*** Exercise data ***

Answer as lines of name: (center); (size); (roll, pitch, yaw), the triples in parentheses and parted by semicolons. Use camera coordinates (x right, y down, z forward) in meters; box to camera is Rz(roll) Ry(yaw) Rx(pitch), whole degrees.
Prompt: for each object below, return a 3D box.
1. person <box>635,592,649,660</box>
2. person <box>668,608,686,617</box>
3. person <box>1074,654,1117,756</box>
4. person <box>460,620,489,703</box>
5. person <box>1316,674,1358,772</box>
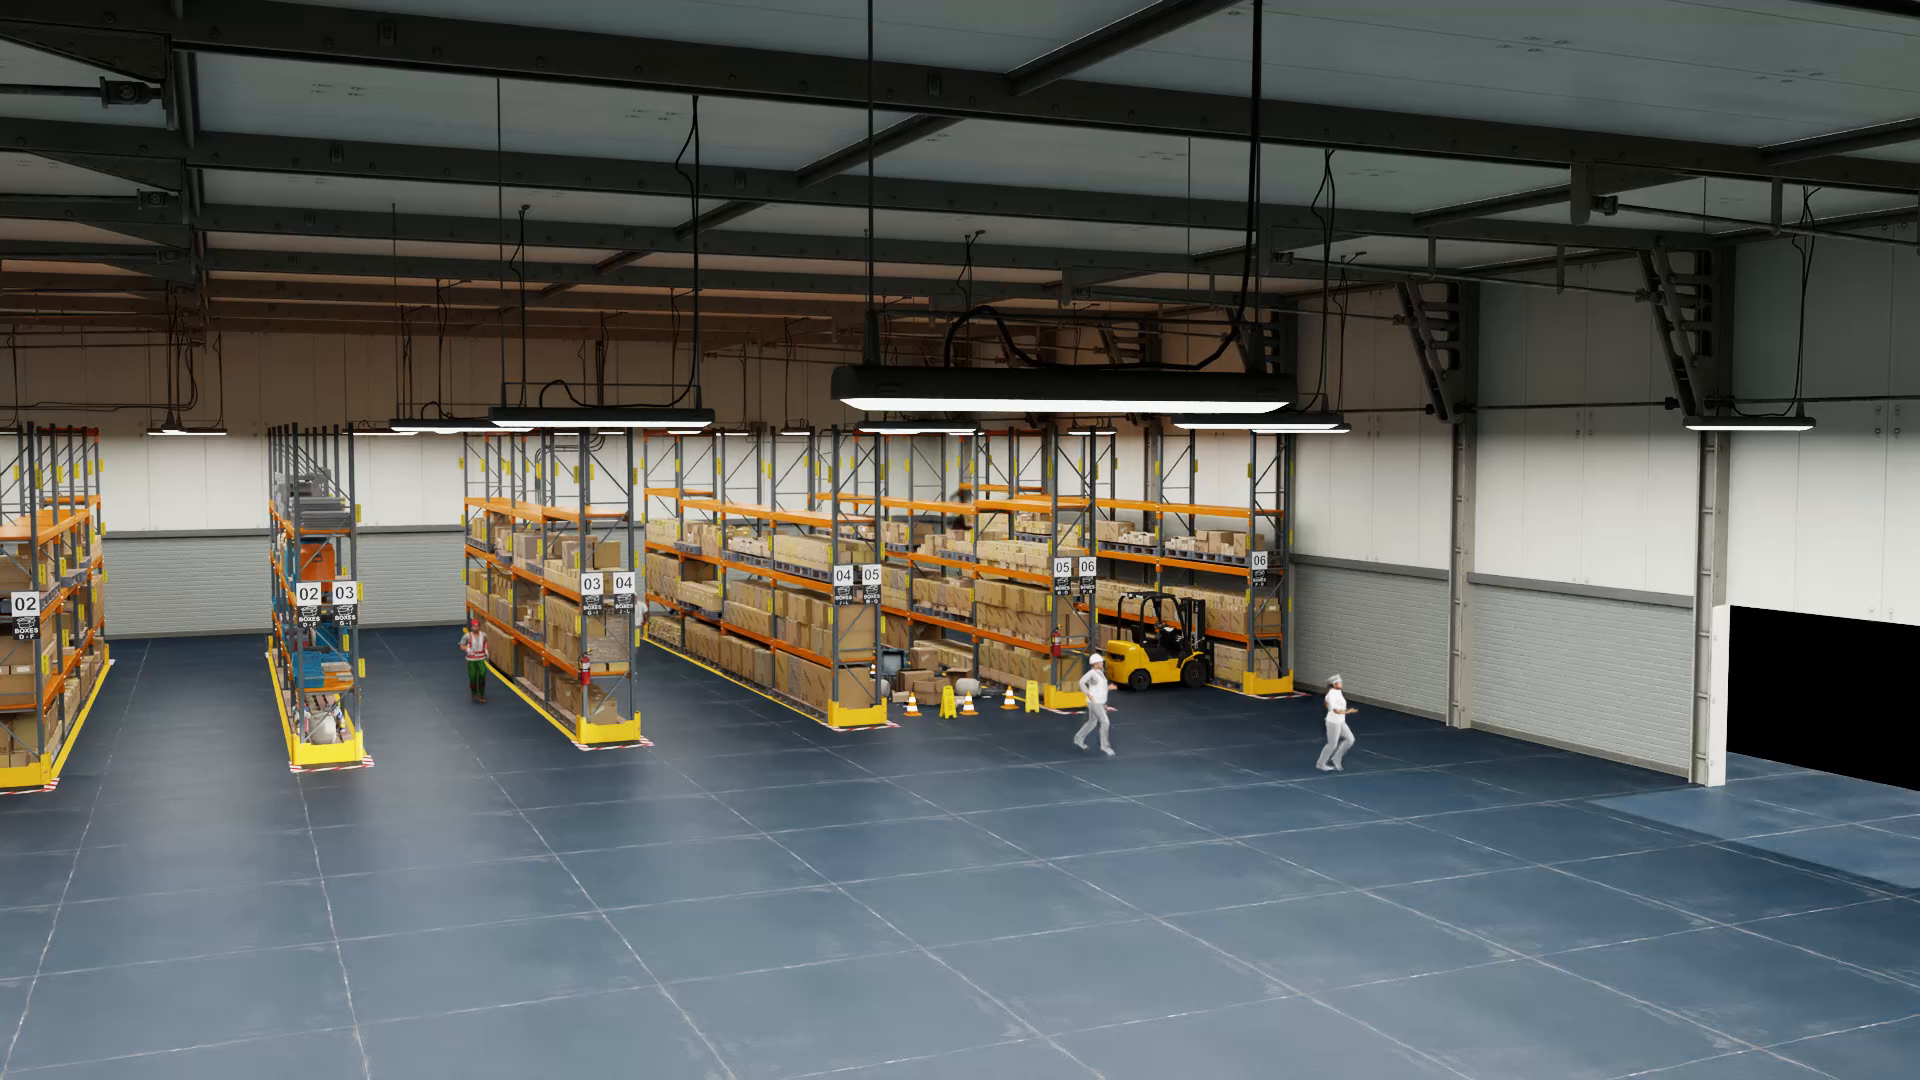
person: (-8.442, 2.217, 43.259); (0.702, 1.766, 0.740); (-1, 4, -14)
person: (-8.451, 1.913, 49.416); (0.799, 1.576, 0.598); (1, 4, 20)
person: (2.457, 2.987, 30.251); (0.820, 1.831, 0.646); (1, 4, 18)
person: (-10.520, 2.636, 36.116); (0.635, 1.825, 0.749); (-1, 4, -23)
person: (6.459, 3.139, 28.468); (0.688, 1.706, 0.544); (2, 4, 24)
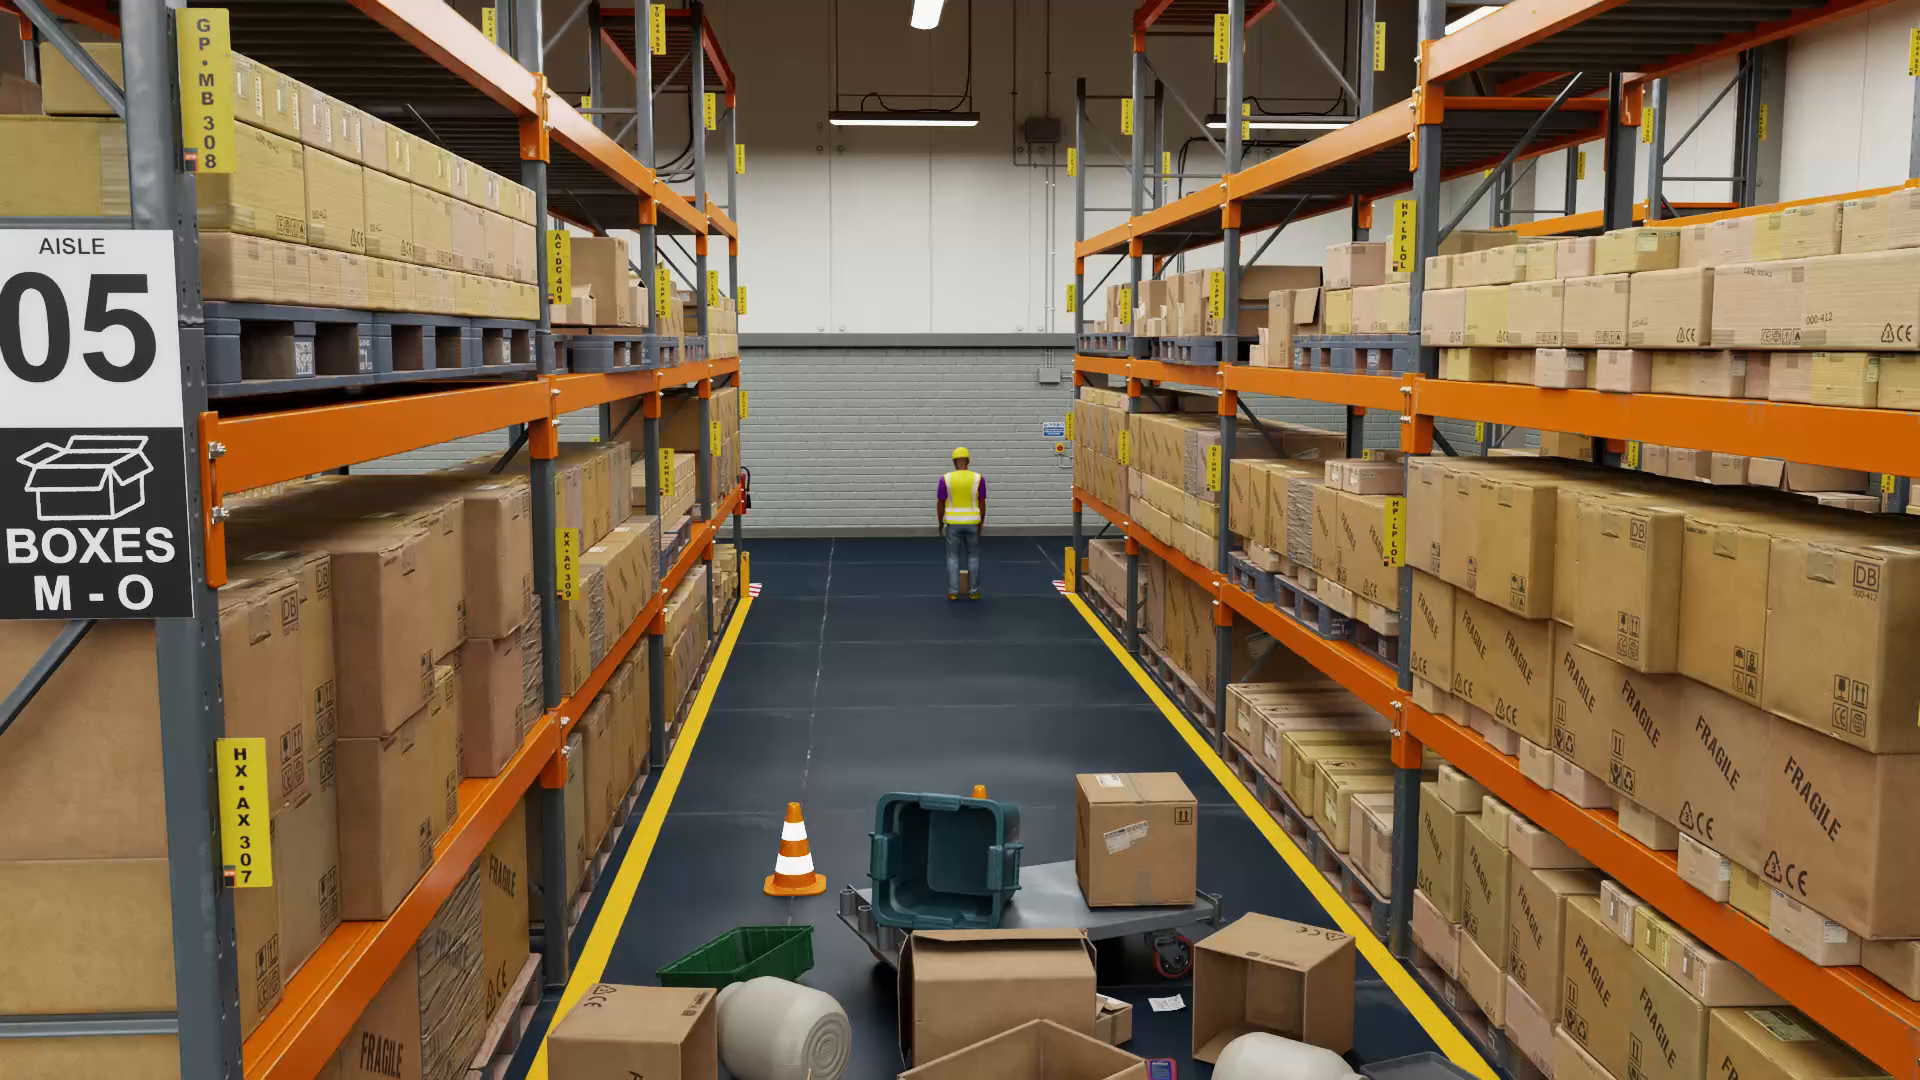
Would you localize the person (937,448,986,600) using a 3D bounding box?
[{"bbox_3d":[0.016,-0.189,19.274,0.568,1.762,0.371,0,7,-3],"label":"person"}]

*** End of Exercise data ***

_What you need to do_
The copy you give must run from the line containing "2. person <box>668,608,686,617</box>" through the last line of the records, exactly, with the pictures left out.

_Answer to this exercise_
2. person <box>668,608,686,617</box>
3. person <box>1074,654,1117,756</box>
4. person <box>460,620,489,703</box>
5. person <box>1316,674,1358,772</box>
person: (-8.442, 2.217, 43.259); (0.702, 1.766, 0.740); (-1, 4, -14)
person: (-8.451, 1.913, 49.416); (0.799, 1.576, 0.598); (1, 4, 20)
person: (2.457, 2.987, 30.251); (0.820, 1.831, 0.646); (1, 4, 18)
person: (-10.520, 2.636, 36.116); (0.635, 1.825, 0.749); (-1, 4, -23)
person: (6.459, 3.139, 28.468); (0.688, 1.706, 0.544); (2, 4, 24)
Would you localize the person (937,448,986,600) using a 3D bounding box?
[{"bbox_3d":[0.016,-0.189,19.274,0.568,1.762,0.371,0,7,-3],"label":"person"}]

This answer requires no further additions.